Data extracted from a collection:
☆ ☆ ☆ ☆ ☆ ☆ ☆

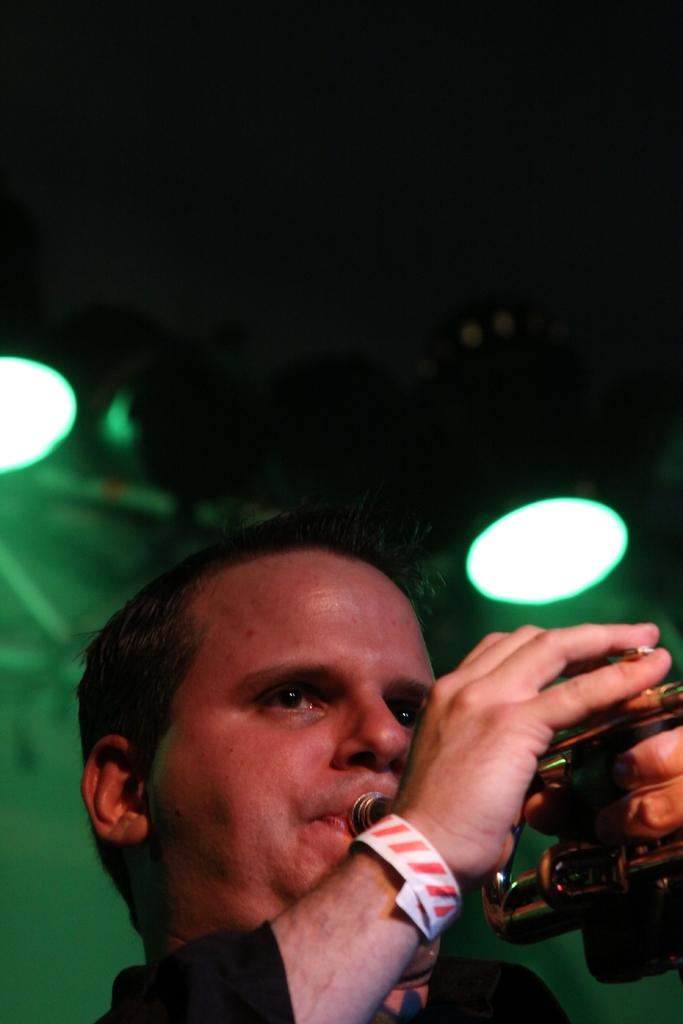What is the main subject of the image? There is a person in the image. What is the person wearing? The person is wearing a black dress. What is the person doing in the image? The person is playing a trumpet. What can be seen in the background of the image? There are lights visible in the background of the image. How many trains can be seen in the image? There are no trains present in the image. What type of hobbies does the person have, based on the image? The image only shows the person playing a trumpet, so it cannot be determined what other hobbies they might have. 
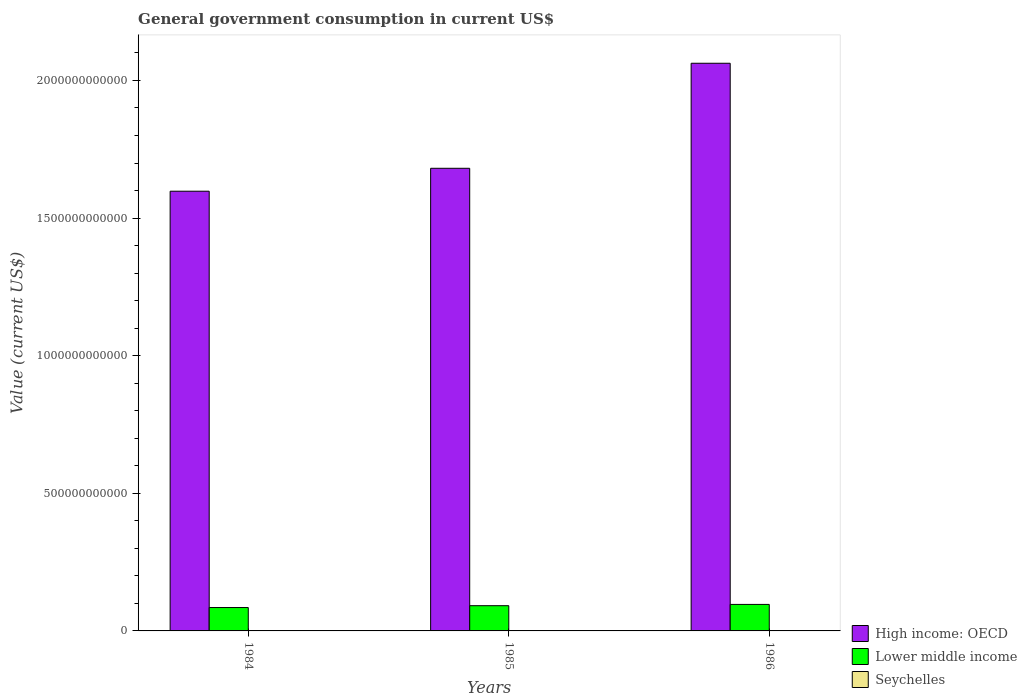How many different coloured bars are there?
Offer a terse response. 3. How many groups of bars are there?
Offer a terse response. 3. How many bars are there on the 3rd tick from the right?
Provide a succinct answer. 3. What is the label of the 1st group of bars from the left?
Your answer should be compact. 1984. What is the government conusmption in High income: OECD in 1985?
Your answer should be compact. 1.68e+12. Across all years, what is the maximum government conusmption in High income: OECD?
Provide a succinct answer. 2.06e+12. Across all years, what is the minimum government conusmption in Seychelles?
Ensure brevity in your answer.  4.64e+07. What is the total government conusmption in Lower middle income in the graph?
Provide a succinct answer. 2.73e+11. What is the difference between the government conusmption in Lower middle income in 1985 and that in 1986?
Provide a short and direct response. -4.69e+09. What is the difference between the government conusmption in High income: OECD in 1986 and the government conusmption in Lower middle income in 1984?
Give a very brief answer. 1.98e+12. What is the average government conusmption in High income: OECD per year?
Your answer should be very brief. 1.78e+12. In the year 1985, what is the difference between the government conusmption in Seychelles and government conusmption in High income: OECD?
Your answer should be very brief. -1.68e+12. In how many years, is the government conusmption in Seychelles greater than 800000000000 US$?
Your answer should be compact. 0. What is the ratio of the government conusmption in Lower middle income in 1985 to that in 1986?
Your response must be concise. 0.95. Is the government conusmption in High income: OECD in 1984 less than that in 1985?
Give a very brief answer. Yes. What is the difference between the highest and the second highest government conusmption in High income: OECD?
Keep it short and to the point. 3.82e+11. What is the difference between the highest and the lowest government conusmption in High income: OECD?
Provide a succinct answer. 4.65e+11. In how many years, is the government conusmption in Seychelles greater than the average government conusmption in Seychelles taken over all years?
Offer a terse response. 1. What does the 2nd bar from the left in 1985 represents?
Your answer should be very brief. Lower middle income. What does the 2nd bar from the right in 1985 represents?
Make the answer very short. Lower middle income. Is it the case that in every year, the sum of the government conusmption in Seychelles and government conusmption in High income: OECD is greater than the government conusmption in Lower middle income?
Your answer should be compact. Yes. What is the difference between two consecutive major ticks on the Y-axis?
Your answer should be very brief. 5.00e+11. Are the values on the major ticks of Y-axis written in scientific E-notation?
Offer a very short reply. No. Does the graph contain any zero values?
Keep it short and to the point. No. Does the graph contain grids?
Your response must be concise. No. How many legend labels are there?
Keep it short and to the point. 3. What is the title of the graph?
Your answer should be very brief. General government consumption in current US$. What is the label or title of the X-axis?
Your answer should be compact. Years. What is the label or title of the Y-axis?
Ensure brevity in your answer.  Value (current US$). What is the Value (current US$) in High income: OECD in 1984?
Provide a short and direct response. 1.60e+12. What is the Value (current US$) in Lower middle income in 1984?
Your response must be concise. 8.50e+1. What is the Value (current US$) in Seychelles in 1984?
Your answer should be compact. 4.64e+07. What is the Value (current US$) of High income: OECD in 1985?
Your answer should be compact. 1.68e+12. What is the Value (current US$) in Lower middle income in 1985?
Make the answer very short. 9.16e+1. What is the Value (current US$) in Seychelles in 1985?
Keep it short and to the point. 5.85e+07. What is the Value (current US$) of High income: OECD in 1986?
Provide a short and direct response. 2.06e+12. What is the Value (current US$) in Lower middle income in 1986?
Your answer should be compact. 9.63e+1. What is the Value (current US$) of Seychelles in 1986?
Make the answer very short. 8.06e+07. Across all years, what is the maximum Value (current US$) in High income: OECD?
Your response must be concise. 2.06e+12. Across all years, what is the maximum Value (current US$) in Lower middle income?
Keep it short and to the point. 9.63e+1. Across all years, what is the maximum Value (current US$) in Seychelles?
Your answer should be very brief. 8.06e+07. Across all years, what is the minimum Value (current US$) in High income: OECD?
Provide a succinct answer. 1.60e+12. Across all years, what is the minimum Value (current US$) of Lower middle income?
Give a very brief answer. 8.50e+1. Across all years, what is the minimum Value (current US$) of Seychelles?
Keep it short and to the point. 4.64e+07. What is the total Value (current US$) of High income: OECD in the graph?
Give a very brief answer. 5.34e+12. What is the total Value (current US$) of Lower middle income in the graph?
Provide a short and direct response. 2.73e+11. What is the total Value (current US$) of Seychelles in the graph?
Keep it short and to the point. 1.85e+08. What is the difference between the Value (current US$) in High income: OECD in 1984 and that in 1985?
Keep it short and to the point. -8.33e+1. What is the difference between the Value (current US$) in Lower middle income in 1984 and that in 1985?
Your answer should be very brief. -6.68e+09. What is the difference between the Value (current US$) in Seychelles in 1984 and that in 1985?
Your answer should be very brief. -1.21e+07. What is the difference between the Value (current US$) in High income: OECD in 1984 and that in 1986?
Give a very brief answer. -4.65e+11. What is the difference between the Value (current US$) in Lower middle income in 1984 and that in 1986?
Offer a terse response. -1.14e+1. What is the difference between the Value (current US$) of Seychelles in 1984 and that in 1986?
Provide a short and direct response. -3.41e+07. What is the difference between the Value (current US$) in High income: OECD in 1985 and that in 1986?
Make the answer very short. -3.82e+11. What is the difference between the Value (current US$) in Lower middle income in 1985 and that in 1986?
Offer a very short reply. -4.69e+09. What is the difference between the Value (current US$) of Seychelles in 1985 and that in 1986?
Provide a short and direct response. -2.21e+07. What is the difference between the Value (current US$) in High income: OECD in 1984 and the Value (current US$) in Lower middle income in 1985?
Keep it short and to the point. 1.51e+12. What is the difference between the Value (current US$) in High income: OECD in 1984 and the Value (current US$) in Seychelles in 1985?
Ensure brevity in your answer.  1.60e+12. What is the difference between the Value (current US$) of Lower middle income in 1984 and the Value (current US$) of Seychelles in 1985?
Offer a very short reply. 8.49e+1. What is the difference between the Value (current US$) of High income: OECD in 1984 and the Value (current US$) of Lower middle income in 1986?
Make the answer very short. 1.50e+12. What is the difference between the Value (current US$) in High income: OECD in 1984 and the Value (current US$) in Seychelles in 1986?
Your answer should be compact. 1.60e+12. What is the difference between the Value (current US$) in Lower middle income in 1984 and the Value (current US$) in Seychelles in 1986?
Make the answer very short. 8.49e+1. What is the difference between the Value (current US$) in High income: OECD in 1985 and the Value (current US$) in Lower middle income in 1986?
Offer a very short reply. 1.58e+12. What is the difference between the Value (current US$) in High income: OECD in 1985 and the Value (current US$) in Seychelles in 1986?
Offer a terse response. 1.68e+12. What is the difference between the Value (current US$) in Lower middle income in 1985 and the Value (current US$) in Seychelles in 1986?
Offer a terse response. 9.15e+1. What is the average Value (current US$) in High income: OECD per year?
Offer a very short reply. 1.78e+12. What is the average Value (current US$) of Lower middle income per year?
Your response must be concise. 9.10e+1. What is the average Value (current US$) of Seychelles per year?
Your answer should be compact. 6.18e+07. In the year 1984, what is the difference between the Value (current US$) in High income: OECD and Value (current US$) in Lower middle income?
Your answer should be very brief. 1.51e+12. In the year 1984, what is the difference between the Value (current US$) of High income: OECD and Value (current US$) of Seychelles?
Offer a very short reply. 1.60e+12. In the year 1984, what is the difference between the Value (current US$) in Lower middle income and Value (current US$) in Seychelles?
Your answer should be compact. 8.49e+1. In the year 1985, what is the difference between the Value (current US$) in High income: OECD and Value (current US$) in Lower middle income?
Offer a terse response. 1.59e+12. In the year 1985, what is the difference between the Value (current US$) of High income: OECD and Value (current US$) of Seychelles?
Provide a short and direct response. 1.68e+12. In the year 1985, what is the difference between the Value (current US$) in Lower middle income and Value (current US$) in Seychelles?
Provide a succinct answer. 9.16e+1. In the year 1986, what is the difference between the Value (current US$) in High income: OECD and Value (current US$) in Lower middle income?
Give a very brief answer. 1.97e+12. In the year 1986, what is the difference between the Value (current US$) in High income: OECD and Value (current US$) in Seychelles?
Provide a short and direct response. 2.06e+12. In the year 1986, what is the difference between the Value (current US$) in Lower middle income and Value (current US$) in Seychelles?
Your response must be concise. 9.62e+1. What is the ratio of the Value (current US$) of High income: OECD in 1984 to that in 1985?
Offer a terse response. 0.95. What is the ratio of the Value (current US$) of Lower middle income in 1984 to that in 1985?
Ensure brevity in your answer.  0.93. What is the ratio of the Value (current US$) of Seychelles in 1984 to that in 1985?
Keep it short and to the point. 0.79. What is the ratio of the Value (current US$) in High income: OECD in 1984 to that in 1986?
Make the answer very short. 0.77. What is the ratio of the Value (current US$) of Lower middle income in 1984 to that in 1986?
Give a very brief answer. 0.88. What is the ratio of the Value (current US$) in Seychelles in 1984 to that in 1986?
Your answer should be compact. 0.58. What is the ratio of the Value (current US$) in High income: OECD in 1985 to that in 1986?
Provide a succinct answer. 0.81. What is the ratio of the Value (current US$) of Lower middle income in 1985 to that in 1986?
Give a very brief answer. 0.95. What is the ratio of the Value (current US$) of Seychelles in 1985 to that in 1986?
Your answer should be compact. 0.73. What is the difference between the highest and the second highest Value (current US$) of High income: OECD?
Your answer should be compact. 3.82e+11. What is the difference between the highest and the second highest Value (current US$) in Lower middle income?
Your answer should be compact. 4.69e+09. What is the difference between the highest and the second highest Value (current US$) of Seychelles?
Offer a terse response. 2.21e+07. What is the difference between the highest and the lowest Value (current US$) in High income: OECD?
Provide a succinct answer. 4.65e+11. What is the difference between the highest and the lowest Value (current US$) in Lower middle income?
Ensure brevity in your answer.  1.14e+1. What is the difference between the highest and the lowest Value (current US$) in Seychelles?
Give a very brief answer. 3.41e+07.

☆ ☆ ☆ ☆ ☆ ☆ ☆

EXERCISE OBJECTIVE | Copy out the lines above exactly, beginning at the one that contains "Your answer should be compact. 1.60e+12." and ending at the one that contains "Offer a very short reply. 1.60e+12.".

YOUR RESPONSE |
Your answer should be compact. 1.60e+12. What is the difference between the Value (current US$) in Lower middle income in 1984 and the Value (current US$) in Seychelles in 1986?
Make the answer very short. 8.49e+1. What is the difference between the Value (current US$) in High income: OECD in 1985 and the Value (current US$) in Lower middle income in 1986?
Offer a very short reply. 1.58e+12. What is the difference between the Value (current US$) in High income: OECD in 1985 and the Value (current US$) in Seychelles in 1986?
Offer a terse response. 1.68e+12. What is the difference between the Value (current US$) in Lower middle income in 1985 and the Value (current US$) in Seychelles in 1986?
Offer a terse response. 9.15e+1. What is the average Value (current US$) in High income: OECD per year?
Offer a very short reply. 1.78e+12. What is the average Value (current US$) of Lower middle income per year?
Your response must be concise. 9.10e+1. What is the average Value (current US$) of Seychelles per year?
Your answer should be compact. 6.18e+07. In the year 1984, what is the difference between the Value (current US$) in High income: OECD and Value (current US$) in Lower middle income?
Your answer should be very brief. 1.51e+12. In the year 1984, what is the difference between the Value (current US$) of High income: OECD and Value (current US$) of Seychelles?
Offer a very short reply. 1.60e+12. In the year 1984, what is the difference between the Value (current US$) in Lower middle income and Value (current US$) in Seychelles?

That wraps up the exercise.